- EXERCISE DETAILS -
Please return the lines below verbatim, beginning at the one that has "table_cell STUK [1012, 960, 1072, 986]" and stopping after the one that has "table_cell 0N03AXEO V [279, 1285, 388, 1328]", and add no other lines.

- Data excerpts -
----
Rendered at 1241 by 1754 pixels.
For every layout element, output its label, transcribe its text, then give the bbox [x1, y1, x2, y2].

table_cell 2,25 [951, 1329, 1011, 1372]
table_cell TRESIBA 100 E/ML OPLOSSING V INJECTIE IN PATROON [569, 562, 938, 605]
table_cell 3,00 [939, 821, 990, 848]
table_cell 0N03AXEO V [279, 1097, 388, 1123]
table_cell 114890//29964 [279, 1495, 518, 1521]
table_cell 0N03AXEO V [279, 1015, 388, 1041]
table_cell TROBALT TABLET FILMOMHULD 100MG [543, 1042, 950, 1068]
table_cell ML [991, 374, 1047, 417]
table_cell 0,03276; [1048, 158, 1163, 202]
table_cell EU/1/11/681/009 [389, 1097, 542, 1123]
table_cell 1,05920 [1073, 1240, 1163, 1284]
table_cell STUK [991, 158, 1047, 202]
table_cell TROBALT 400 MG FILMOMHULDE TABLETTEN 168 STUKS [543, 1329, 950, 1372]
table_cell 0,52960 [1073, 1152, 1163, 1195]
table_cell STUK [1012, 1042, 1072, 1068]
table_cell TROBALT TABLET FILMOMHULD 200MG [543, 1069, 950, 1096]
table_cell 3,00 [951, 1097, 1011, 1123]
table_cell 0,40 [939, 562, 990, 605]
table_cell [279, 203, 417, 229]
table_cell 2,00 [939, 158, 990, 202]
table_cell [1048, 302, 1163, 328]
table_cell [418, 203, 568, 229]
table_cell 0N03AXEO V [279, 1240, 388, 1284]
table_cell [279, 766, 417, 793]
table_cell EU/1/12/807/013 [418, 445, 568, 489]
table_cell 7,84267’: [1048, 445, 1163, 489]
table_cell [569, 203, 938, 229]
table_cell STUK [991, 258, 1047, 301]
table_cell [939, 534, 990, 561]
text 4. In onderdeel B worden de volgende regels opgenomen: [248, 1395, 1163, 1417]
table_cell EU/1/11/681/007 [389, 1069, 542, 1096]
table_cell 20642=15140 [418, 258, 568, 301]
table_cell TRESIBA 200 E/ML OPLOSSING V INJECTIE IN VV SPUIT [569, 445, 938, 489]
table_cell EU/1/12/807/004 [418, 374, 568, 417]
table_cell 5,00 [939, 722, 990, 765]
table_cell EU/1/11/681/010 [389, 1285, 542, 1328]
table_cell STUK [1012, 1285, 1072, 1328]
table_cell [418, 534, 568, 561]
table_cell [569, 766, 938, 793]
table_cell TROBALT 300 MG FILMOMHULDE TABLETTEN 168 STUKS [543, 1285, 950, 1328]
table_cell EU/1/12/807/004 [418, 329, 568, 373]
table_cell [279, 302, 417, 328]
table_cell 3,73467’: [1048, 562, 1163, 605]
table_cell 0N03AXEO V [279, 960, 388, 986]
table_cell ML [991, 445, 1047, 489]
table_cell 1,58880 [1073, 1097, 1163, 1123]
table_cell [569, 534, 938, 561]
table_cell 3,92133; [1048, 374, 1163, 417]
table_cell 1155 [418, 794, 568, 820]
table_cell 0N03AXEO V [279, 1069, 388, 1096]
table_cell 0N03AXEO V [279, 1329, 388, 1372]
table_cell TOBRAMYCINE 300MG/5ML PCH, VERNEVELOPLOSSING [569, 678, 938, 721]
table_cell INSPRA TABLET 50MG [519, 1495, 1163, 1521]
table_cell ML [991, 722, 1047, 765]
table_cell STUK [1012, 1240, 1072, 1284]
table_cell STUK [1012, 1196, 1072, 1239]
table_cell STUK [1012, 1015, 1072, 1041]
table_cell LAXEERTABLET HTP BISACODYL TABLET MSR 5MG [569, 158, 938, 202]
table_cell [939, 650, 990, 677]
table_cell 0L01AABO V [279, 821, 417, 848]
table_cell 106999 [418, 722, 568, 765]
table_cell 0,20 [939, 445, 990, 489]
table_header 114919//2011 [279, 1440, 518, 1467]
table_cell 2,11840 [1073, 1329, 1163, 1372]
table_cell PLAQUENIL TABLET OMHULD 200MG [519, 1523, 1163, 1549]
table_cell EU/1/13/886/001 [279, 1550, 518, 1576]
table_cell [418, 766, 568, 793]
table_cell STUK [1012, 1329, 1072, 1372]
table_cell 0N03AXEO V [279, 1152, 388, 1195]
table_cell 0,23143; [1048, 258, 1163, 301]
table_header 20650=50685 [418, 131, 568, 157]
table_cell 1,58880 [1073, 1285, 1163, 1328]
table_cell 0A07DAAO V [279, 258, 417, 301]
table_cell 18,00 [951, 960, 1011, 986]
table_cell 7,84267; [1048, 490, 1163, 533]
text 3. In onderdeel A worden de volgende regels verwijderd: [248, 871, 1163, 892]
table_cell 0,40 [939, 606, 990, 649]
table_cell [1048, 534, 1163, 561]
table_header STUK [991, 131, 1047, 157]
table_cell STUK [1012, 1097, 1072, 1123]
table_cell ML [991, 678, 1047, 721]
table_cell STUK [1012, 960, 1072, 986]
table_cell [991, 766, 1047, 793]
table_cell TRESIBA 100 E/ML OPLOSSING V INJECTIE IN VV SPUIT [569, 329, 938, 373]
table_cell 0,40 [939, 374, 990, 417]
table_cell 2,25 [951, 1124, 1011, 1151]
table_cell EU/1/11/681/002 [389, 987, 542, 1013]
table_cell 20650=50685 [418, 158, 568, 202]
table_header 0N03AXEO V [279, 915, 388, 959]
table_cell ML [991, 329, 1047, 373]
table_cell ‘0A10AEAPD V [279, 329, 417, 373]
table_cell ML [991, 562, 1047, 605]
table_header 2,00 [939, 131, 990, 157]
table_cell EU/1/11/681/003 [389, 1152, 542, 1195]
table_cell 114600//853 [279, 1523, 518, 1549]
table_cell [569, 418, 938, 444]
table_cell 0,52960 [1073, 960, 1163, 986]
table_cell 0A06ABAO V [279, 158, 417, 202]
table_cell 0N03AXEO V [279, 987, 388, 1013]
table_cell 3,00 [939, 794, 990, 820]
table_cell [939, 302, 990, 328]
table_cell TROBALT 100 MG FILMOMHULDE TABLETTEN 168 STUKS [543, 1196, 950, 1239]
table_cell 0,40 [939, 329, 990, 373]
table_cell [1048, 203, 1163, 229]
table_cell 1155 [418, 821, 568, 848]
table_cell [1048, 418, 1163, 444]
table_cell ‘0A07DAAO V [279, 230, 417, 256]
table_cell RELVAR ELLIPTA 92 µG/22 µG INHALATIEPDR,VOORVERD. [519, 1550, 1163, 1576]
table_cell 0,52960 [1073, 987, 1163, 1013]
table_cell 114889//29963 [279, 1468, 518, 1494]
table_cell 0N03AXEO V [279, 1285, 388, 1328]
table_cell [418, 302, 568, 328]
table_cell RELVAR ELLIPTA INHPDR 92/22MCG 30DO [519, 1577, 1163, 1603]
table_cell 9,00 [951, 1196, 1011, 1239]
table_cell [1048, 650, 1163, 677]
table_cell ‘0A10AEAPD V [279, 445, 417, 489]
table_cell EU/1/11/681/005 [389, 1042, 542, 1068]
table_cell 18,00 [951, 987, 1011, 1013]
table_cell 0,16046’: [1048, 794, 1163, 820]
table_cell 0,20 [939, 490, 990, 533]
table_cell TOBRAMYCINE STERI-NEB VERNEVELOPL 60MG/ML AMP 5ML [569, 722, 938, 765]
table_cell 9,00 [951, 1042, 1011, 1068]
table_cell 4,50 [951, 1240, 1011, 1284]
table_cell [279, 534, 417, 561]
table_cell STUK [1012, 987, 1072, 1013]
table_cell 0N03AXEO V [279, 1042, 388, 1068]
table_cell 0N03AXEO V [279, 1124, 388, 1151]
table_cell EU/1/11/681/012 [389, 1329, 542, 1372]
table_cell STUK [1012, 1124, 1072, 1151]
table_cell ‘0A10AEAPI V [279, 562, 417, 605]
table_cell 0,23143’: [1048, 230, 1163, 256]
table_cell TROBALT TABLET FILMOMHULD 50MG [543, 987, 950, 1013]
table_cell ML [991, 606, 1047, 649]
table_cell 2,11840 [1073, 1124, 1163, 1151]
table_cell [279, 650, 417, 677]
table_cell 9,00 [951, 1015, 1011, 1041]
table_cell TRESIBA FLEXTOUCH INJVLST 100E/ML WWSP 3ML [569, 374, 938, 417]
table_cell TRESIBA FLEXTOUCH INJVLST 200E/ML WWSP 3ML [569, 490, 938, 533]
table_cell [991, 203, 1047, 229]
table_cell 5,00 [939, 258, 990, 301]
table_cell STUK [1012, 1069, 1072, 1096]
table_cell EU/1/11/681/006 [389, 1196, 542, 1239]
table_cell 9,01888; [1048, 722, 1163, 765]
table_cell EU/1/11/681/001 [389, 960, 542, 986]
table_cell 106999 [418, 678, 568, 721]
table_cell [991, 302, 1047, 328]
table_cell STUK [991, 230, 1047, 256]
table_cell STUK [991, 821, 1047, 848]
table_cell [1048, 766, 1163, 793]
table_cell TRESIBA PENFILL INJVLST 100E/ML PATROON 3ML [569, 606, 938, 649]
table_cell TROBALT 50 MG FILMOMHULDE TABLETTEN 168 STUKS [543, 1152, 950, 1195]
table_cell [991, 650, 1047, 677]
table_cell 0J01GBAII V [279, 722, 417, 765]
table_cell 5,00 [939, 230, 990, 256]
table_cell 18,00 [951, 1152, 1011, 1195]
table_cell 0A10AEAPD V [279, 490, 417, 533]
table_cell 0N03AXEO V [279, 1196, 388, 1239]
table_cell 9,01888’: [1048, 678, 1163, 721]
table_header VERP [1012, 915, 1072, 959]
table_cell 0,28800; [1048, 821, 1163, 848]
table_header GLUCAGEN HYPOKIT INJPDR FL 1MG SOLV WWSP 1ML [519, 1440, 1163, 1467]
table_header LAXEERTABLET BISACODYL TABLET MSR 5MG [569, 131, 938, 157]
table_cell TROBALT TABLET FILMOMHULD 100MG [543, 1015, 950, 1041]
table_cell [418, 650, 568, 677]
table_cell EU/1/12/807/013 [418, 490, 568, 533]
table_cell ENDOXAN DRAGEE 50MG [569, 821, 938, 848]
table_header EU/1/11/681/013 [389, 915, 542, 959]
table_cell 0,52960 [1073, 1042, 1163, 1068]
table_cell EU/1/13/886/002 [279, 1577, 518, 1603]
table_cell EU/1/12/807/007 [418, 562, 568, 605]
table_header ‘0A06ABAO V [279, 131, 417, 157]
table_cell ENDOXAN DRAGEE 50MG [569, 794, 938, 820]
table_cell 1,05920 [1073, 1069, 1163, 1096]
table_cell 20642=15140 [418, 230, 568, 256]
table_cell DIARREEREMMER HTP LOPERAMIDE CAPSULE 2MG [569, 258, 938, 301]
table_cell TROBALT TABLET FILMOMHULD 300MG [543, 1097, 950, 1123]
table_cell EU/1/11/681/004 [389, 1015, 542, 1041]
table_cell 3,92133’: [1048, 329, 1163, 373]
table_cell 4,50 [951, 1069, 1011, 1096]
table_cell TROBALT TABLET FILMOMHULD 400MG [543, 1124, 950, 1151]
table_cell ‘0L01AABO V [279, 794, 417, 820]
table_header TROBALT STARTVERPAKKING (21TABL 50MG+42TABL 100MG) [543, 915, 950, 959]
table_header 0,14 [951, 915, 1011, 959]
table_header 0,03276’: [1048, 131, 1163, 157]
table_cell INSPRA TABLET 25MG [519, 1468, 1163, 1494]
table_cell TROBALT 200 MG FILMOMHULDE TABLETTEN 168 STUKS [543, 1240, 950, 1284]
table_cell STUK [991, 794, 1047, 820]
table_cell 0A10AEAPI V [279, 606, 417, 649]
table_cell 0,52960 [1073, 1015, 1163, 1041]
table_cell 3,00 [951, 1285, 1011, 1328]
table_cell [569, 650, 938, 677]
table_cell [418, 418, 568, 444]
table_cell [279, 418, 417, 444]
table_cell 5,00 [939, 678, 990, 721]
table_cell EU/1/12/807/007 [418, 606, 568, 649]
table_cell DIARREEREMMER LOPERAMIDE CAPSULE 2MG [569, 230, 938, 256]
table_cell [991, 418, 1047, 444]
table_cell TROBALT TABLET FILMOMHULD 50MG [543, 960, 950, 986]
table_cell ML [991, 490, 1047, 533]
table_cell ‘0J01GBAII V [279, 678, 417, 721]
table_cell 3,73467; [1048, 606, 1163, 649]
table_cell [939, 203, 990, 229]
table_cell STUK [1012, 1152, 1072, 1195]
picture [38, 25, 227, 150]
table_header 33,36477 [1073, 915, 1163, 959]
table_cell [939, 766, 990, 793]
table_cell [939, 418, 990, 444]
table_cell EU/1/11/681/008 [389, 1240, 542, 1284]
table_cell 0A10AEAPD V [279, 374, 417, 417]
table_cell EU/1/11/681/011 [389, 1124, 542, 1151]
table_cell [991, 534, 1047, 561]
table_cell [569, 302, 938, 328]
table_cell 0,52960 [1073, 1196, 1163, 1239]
----
- WRITTEN ANSWER -
table_cell STUK [1012, 960, 1072, 986]
table_cell [991, 766, 1047, 793]
table_cell TRESIBA 100 E/ML OPLOSSING V INJECTIE IN VV SPUIT [569, 329, 938, 373]
table_cell 0,40 [939, 374, 990, 417]
table_cell 2,25 [951, 1124, 1011, 1151]
table_cell EU/1/11/681/002 [389, 987, 542, 1013]
table_cell 20650=50685 [418, 158, 568, 202]
table_header 0N03AXEO V [279, 915, 388, 959]
table_cell ML [991, 329, 1047, 373]
table_cell ‘0A10AEAPD V [279, 329, 417, 373]
table_cell ML [991, 562, 1047, 605]
table_header 2,00 [939, 131, 990, 157]
table_cell EU/1/11/681/003 [389, 1152, 542, 1195]
table_cell 114600//853 [279, 1523, 518, 1549]
table_cell [569, 418, 938, 444]
table_cell 0,52960 [1073, 960, 1163, 986]
table_cell 0A06ABAO V [279, 158, 417, 202]
table_cell 0N03AXEO V [279, 987, 388, 1013]
table_cell 3,00 [939, 794, 990, 820]
table_cell [939, 302, 990, 328]
table_cell TROBALT 100 MG FILMOMHULDE TABLETTEN 168 STUKS [543, 1196, 950, 1239]
table_cell 0,40 [939, 329, 990, 373]
table_cell [1048, 203, 1163, 229]
table_cell 1155 [418, 821, 568, 848]
table_cell [1048, 418, 1163, 444]
table_cell ‘0A07DAAO V [279, 230, 417, 256]
table_cell RELVAR ELLIPTA 92 µG/22 µG INHALATIEPDR,VOORVERD. [519, 1550, 1163, 1576]
table_cell 0,52960 [1073, 987, 1163, 1013]
table_cell 114889//29963 [279, 1468, 518, 1494]
table_cell 0N03AXEO V [279, 1285, 388, 1328]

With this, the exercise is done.